Gaoxian’s share price may get a boost (hopefully) if its dual listing in Korea is successful.
At 19 cts, the downside to its share price is 4 cts (at most) to its historic low of 15 cts, unless business in the sector goes into a downturn.
Upside potential gain of 10 cts (UOBKH’s TP is 29 cts) or considerably more, if STI makes further recovery or more investors regain their confidence in S-chips.
Eratat Lifestyle, a penny stock, has just released its Q2 results with a doubling of nett profit to RMB 44.1 million. Its EPS for the quarter is 10.6 cts(RMB) [2 cts(S)]. Its 6 months EPS is 17.6 cts(RMB) [3.36 cts(S)] or annualized EPS of 6.7 cts(S). PE of 3x at 20 cts.

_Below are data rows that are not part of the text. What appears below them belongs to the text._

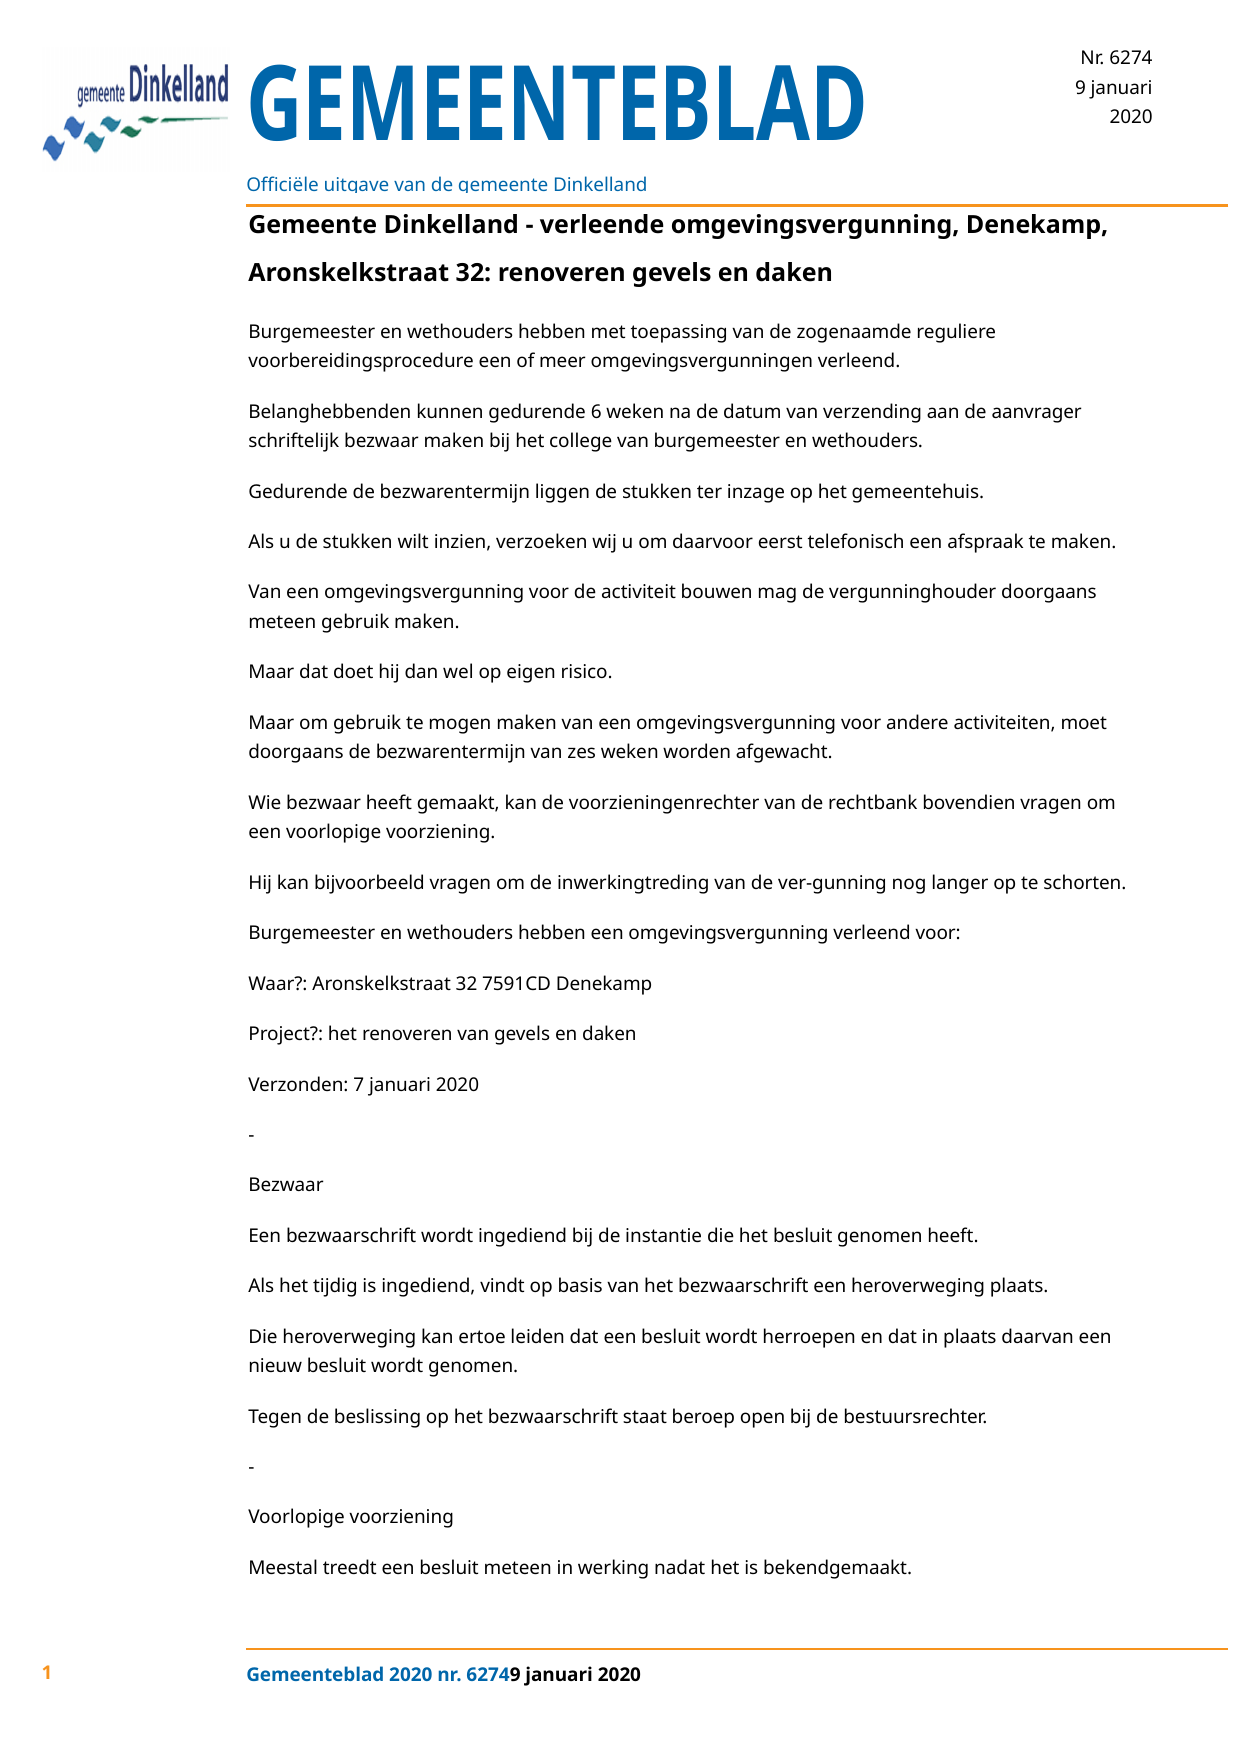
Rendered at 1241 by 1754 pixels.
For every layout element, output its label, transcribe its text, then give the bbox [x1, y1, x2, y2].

text Hij kan bijvoorbeeld vragen om de inwerkingtreding van de ver-gunning nog langer op te schorten. [248, 869, 1152, 895]
text Belanghebbenden kunnen gedurende 6 weken na de datum van verzending aan de aanvrager schriftelijk bezwaar maken bij het college van burgemeester en wethouders. [248, 398, 1152, 453]
text Bezwaar [248, 1172, 1152, 1197]
text Maar om gebruik te mogen maken van een omgevingsvergunning voor andere activiteiten, moet doorgaans de bezwarentermijn van zes weken worden afgewacht. [248, 709, 1152, 764]
text Waar?: Aronskelkstraat 32 7591CD Denekamp [248, 970, 1152, 996]
text Burgemeester en wethouders hebben met toepassing van de zogenaamde reguliere voorbereidingsprocedure een of meer omgevingsvergunningen verleend. [248, 318, 1152, 373]
text Burgemeester en wethouders hebben een omgevingsvergunning verleend voor: [248, 919, 1152, 945]
text Tegen de beslissing op het bezwaarschrift staat beroep open bij de bestuursrechter. [248, 1403, 1152, 1429]
text Van een omgevingsvergunning voor de activiteit bouwen mag de vergunninghouder doorgaans meteen gebruik maken. [248, 579, 1152, 634]
text - [248, 1121, 1152, 1147]
text Maar dat doet hij dan wel op eigen risico. [248, 659, 1152, 684]
text Een bezwaarschrift wordt ingediend bij de instantie die het besluit genomen heeft. [248, 1222, 1152, 1248]
picture [41, 47, 231, 172]
text Gedurende de bezwarentermijn liggen de stukken ter inzage op het gemeentehuis. [248, 478, 1152, 504]
text Project?: het renoveren van gevels en daken [248, 1020, 1152, 1046]
text Gemeente Dinkelland - verleende omgevingsvergunning, Denekamp, Aronskelkstraat 32: renoveren gevels en daken [248, 207, 1152, 288]
text Voorlopige voorziening [248, 1504, 1152, 1529]
text Als u de stukken wilt inzien, verzoeken wij u om daarvoor eerst telefonisch een afspraak te maken. [248, 528, 1152, 554]
text Verzonden: 7 januari 2020 [248, 1071, 1152, 1097]
text Die heroverweging kan ertoe leiden dat een besluit wordt herroepen en dat in plaats daarvan een nieuw besluit wordt genomen. [248, 1323, 1152, 1378]
text - [248, 1453, 1152, 1479]
text Als het tijdig is ingediend, vindt op basis van het bezwaarschrift een heroverweging plaats. [248, 1272, 1152, 1298]
text Wie bezwaar heeft gemaakt, kan de voorzieningenrechter van de rechtbank bovendien vragen om een voorlopige voorziening. [248, 789, 1152, 844]
text Meestal treedt een besluit meteen in werking nadat het is bekendgemaakt. [248, 1554, 1152, 1580]

With S-chips being generally out-of-favour with most investors, Eratat’s share price has been fluctuating between a range of 12 to 20 cts since February this year with its PE of under 4x. The latest results would further depress its low valuation & enhance its attractiveness to potential investors. QUESTION: Is this stock really presenting a golden investment opportunity especially to those who are not averse to investing in out-of-favour stock, notably S-chips?

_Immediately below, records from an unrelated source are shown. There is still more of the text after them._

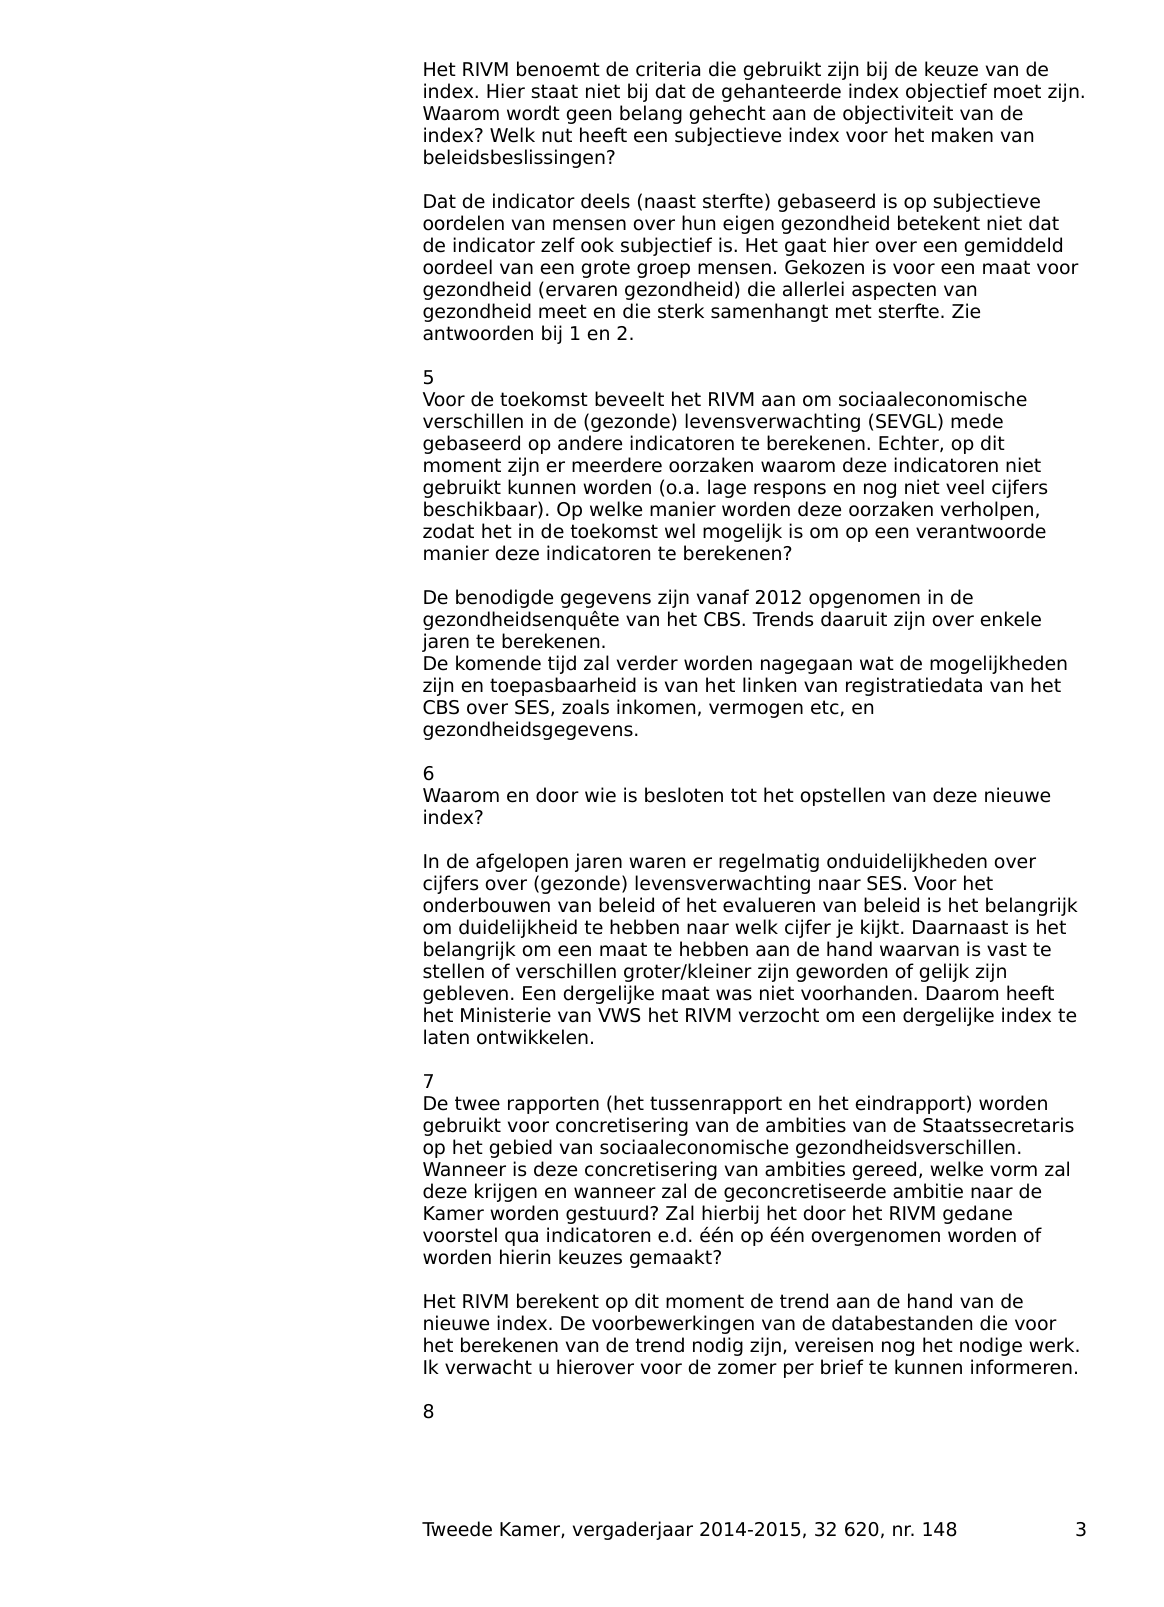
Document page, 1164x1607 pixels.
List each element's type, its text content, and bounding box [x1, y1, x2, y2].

text Voor de toekomst beveelt het RIVM aan om sociaaleconomische verschillen in de (gezonde) levensverwachting (SEVGL) mede gebaseerd op andere indicatoren te berekenen. Echter, op dit moment zijn er meerdere oorzaken waarom deze indicatoren niet gebruikt kunnen worden (o.a. lage respons en nog niet veel cijfers beschikbaar). Op welke manier worden deze oorzaken verholpen, zodat het in de toekomst wel mogelijk is om op een verantwoorde manier deze indicatoren te berekenen? [422, 389, 1087, 565]
text De benodigde gegevens zijn vanaf 2012 opgenomen in de gezondheidsenquête van het CBS. Trends daaruit zijn over enkele jaren te berekenen. [422, 587, 1087, 653]
text 7 [422, 1071, 1087, 1093]
text De twee rapporten (het tussenrapport en het eindrapport) worden gebruikt voor concretisering van de ambities van de Staatssecretaris op het gebied van sociaaleconomische gezondheidsverschillen. Wanneer is deze concretisering van ambities gereed, welke vorm zal deze krijgen en wanneer zal de geconcretiseerde ambitie naar de Kamer worden gestuurd? Zal hierbij het door het RIVM gedane voorstel qua indicatoren e.d. één op één overgenomen worden of worden hierin keuzes gemaakt? [422, 1093, 1087, 1269]
text 6 [422, 763, 1087, 785]
text Het RIVM benoemt de criteria die gebruikt zijn bij de keuze van de index. Hier staat niet bij dat de gehanteerde index objectief moet zijn. Waarom wordt geen belang gehecht aan de objectiviteit van de index? Welk nut heeft een subjectieve index voor het maken van beleidsbeslissingen? [422, 59, 1087, 169]
text Dat de indicator deels (naast sterfte) gebaseerd is op subjectieve oordelen van mensen over hun eigen gezondheid betekent niet dat de indicator zelf ook subjectief is. Het gaat hier over een gemiddeld oordeel van een grote groep mensen. Gekozen is voor een maat voor gezondheid (ervaren gezondheid) die allerlei aspecten van gezondheid meet en die sterk samenhangt met sterfte. Zie antwoorden bij 1 en 2. [422, 191, 1087, 345]
text Waarom en door wie is besloten tot het opstellen van deze nieuwe index? [422, 785, 1087, 829]
text Het RIVM berekent op dit moment de trend aan de hand van de nieuwe index. De voorbewerkingen van de databestanden die voor het berekenen van de trend nodig zijn, vereisen nog het nodige werk. Ik verwacht u hierover voor de zomer per brief te kunnen informeren. [422, 1291, 1087, 1379]
text In de afgelopen jaren waren er regelmatig onduidelijkheden over cijfers over (gezonde) levensverwachting naar SES. Voor het onderbouwen van beleid of het evalueren van beleid is het belangrijk om duidelijkheid te hebben naar welk cijfer je kijkt. Daarnaast is het belangrijk om een maat te hebben aan de hand waarvan is vast te stellen of verschillen groter/kleiner zijn geworden of gelijk zijn gebleven. Een dergelijke maat was niet voorhanden. Daarom heeft het Ministerie van VWS het RIVM verzocht om een dergelijke index te laten ontwikkelen. [422, 851, 1087, 1049]
text 5 [422, 367, 1087, 389]
text 8 [422, 1401, 1087, 1423]
text De komende tijd zal verder worden nagegaan wat de mogelijkheden zijn en toepasbaarheid is van het linken van registratiedata van het CBS over SES, zoals inkomen, vermogen etc, en gezondheidsgegevens. [422, 653, 1087, 741]

Investment entails managing risks, taking into account the various risks factors vs the potential rewards. Each individual must do his/her homework before parting with his/her money for any investment.

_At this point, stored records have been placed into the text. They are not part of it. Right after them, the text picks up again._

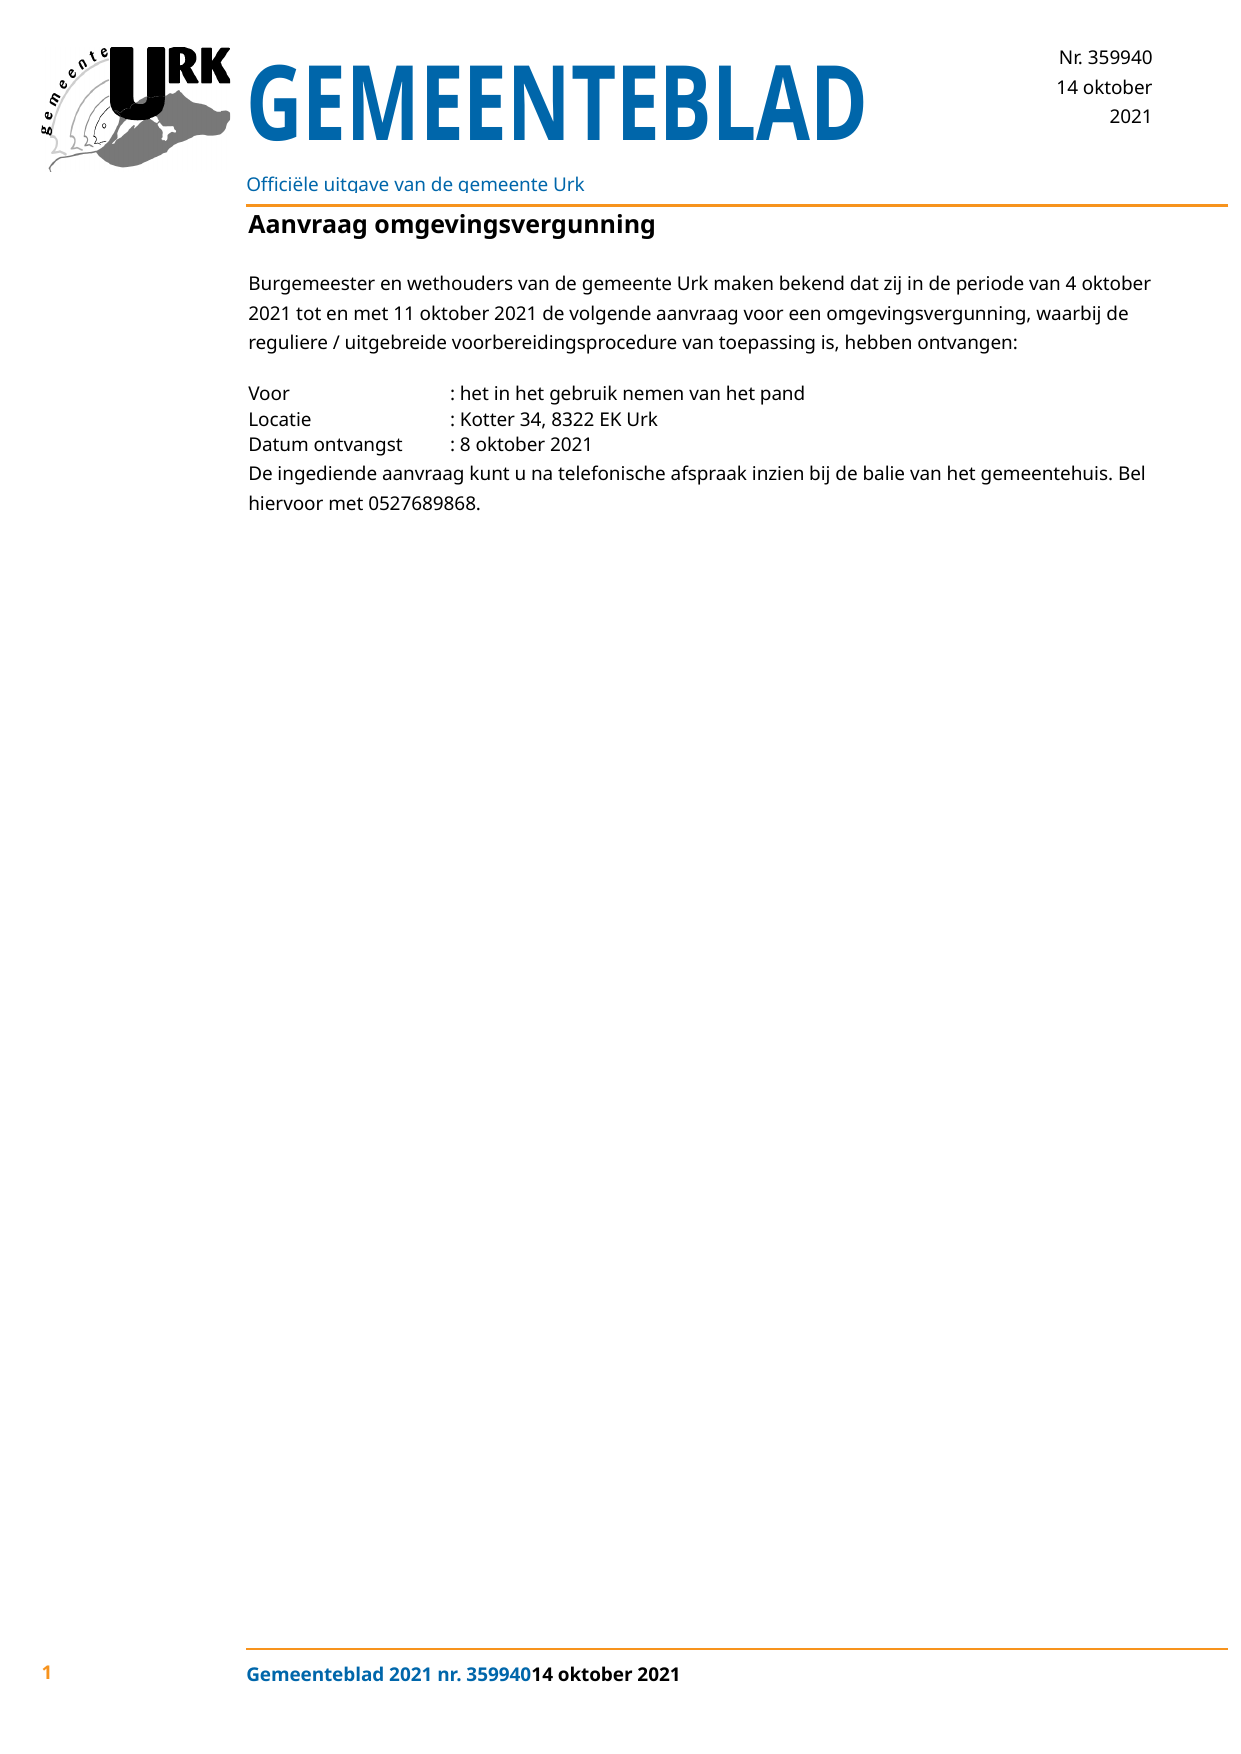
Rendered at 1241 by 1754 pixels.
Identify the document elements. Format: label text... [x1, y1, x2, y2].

table_cell Locatie [248, 406, 450, 431]
table_header : het in het gebruik nemen van het pand [450, 380, 1152, 406]
table_cell Datum ontvangst [248, 431, 450, 457]
table_header Voor [248, 380, 450, 406]
table_cell : Kotter 34, 8322 EK Urk [450, 406, 1152, 431]
picture [41, 47, 231, 172]
table_cell : 8 oktober 2021 [450, 431, 1152, 457]
text De ingediende aanvraag kunt u na telefonische afspraak inzien bij de balie van het gemeentehuis. Bel hiervoor met 0527689868. [248, 460, 1152, 516]
text Aanvraag omgevingsvergunning [248, 207, 1152, 241]
text Burgemeester en wethouders van de gemeente Urk maken bekend dat zij in de periode van 4 oktober 2021 tot en met 11 oktober 2021 de volgende aanvraag voor een omgevingsvergunning, waarbij de reguliere / uitgebreide voorbereidingsprocedure van toepassing is, hebben ontvangen: [248, 270, 1152, 355]

The following pointers may be useful to those interested in taking a position in the stock:
Unlike China Sports & China Hongxing, Eratat has successfully repositioned itself as a casual lifestyle brand instead of a sportswear brand. This has enable it to recover its profitability readily and be in a better position to increase its products selling price in the face of escalating raw materials and labour costs.
Eratat is among the better ones of the S-chips [not all S-chips are rotten] in terms corporate governance and profitability. It has “Cash & Cash Equivalents” of RMB 131 million and no borrowings & has declared dividends for the past 2 years.
Eratat announced recently that it had secured confirmed orders of footwear & apparel amounting to RMB 477 million for delivery from Jan to Jun 2011. This is 23% higher than the previous period. In addition, the Average Selling Price (ASP) of both items has also increase -Footwear from RMB 72 to RMB 90 – up RMB 18 or 25% and Apparel from RMB 58 to RMB 80 – up RMB 22 or 38%. This is expected to translate into improved revenue and nett profits for Jan-Mar 2011 & Apr-Jun 2011 quarters
4. Based on stocks with similar fundamentals in past bull markets, Eratat can be expected to have very limited downside at its current share price and a high probability of achieving a doubling in its share price in a bull market subject to the absence of any unexpected market crisis or economic recession.
Due credit must be given to Eratat’s management for taking positive measures to survive in the cut-throat business environment. As a result, Eratat was least affected by the business downturn in sportswear compared to China Hongxing & China Sports. By successfully repositioning itself as a casual lifestyle brand instead of a sportswear brand, Eratat would now be able to stand up well to any competition through its increasing ability to price its house brand products and carve out a niche for itself.
Eratat has the most attractive stock valuation among the sportswear stocks and its share price may be expected to outperform the others in the near term.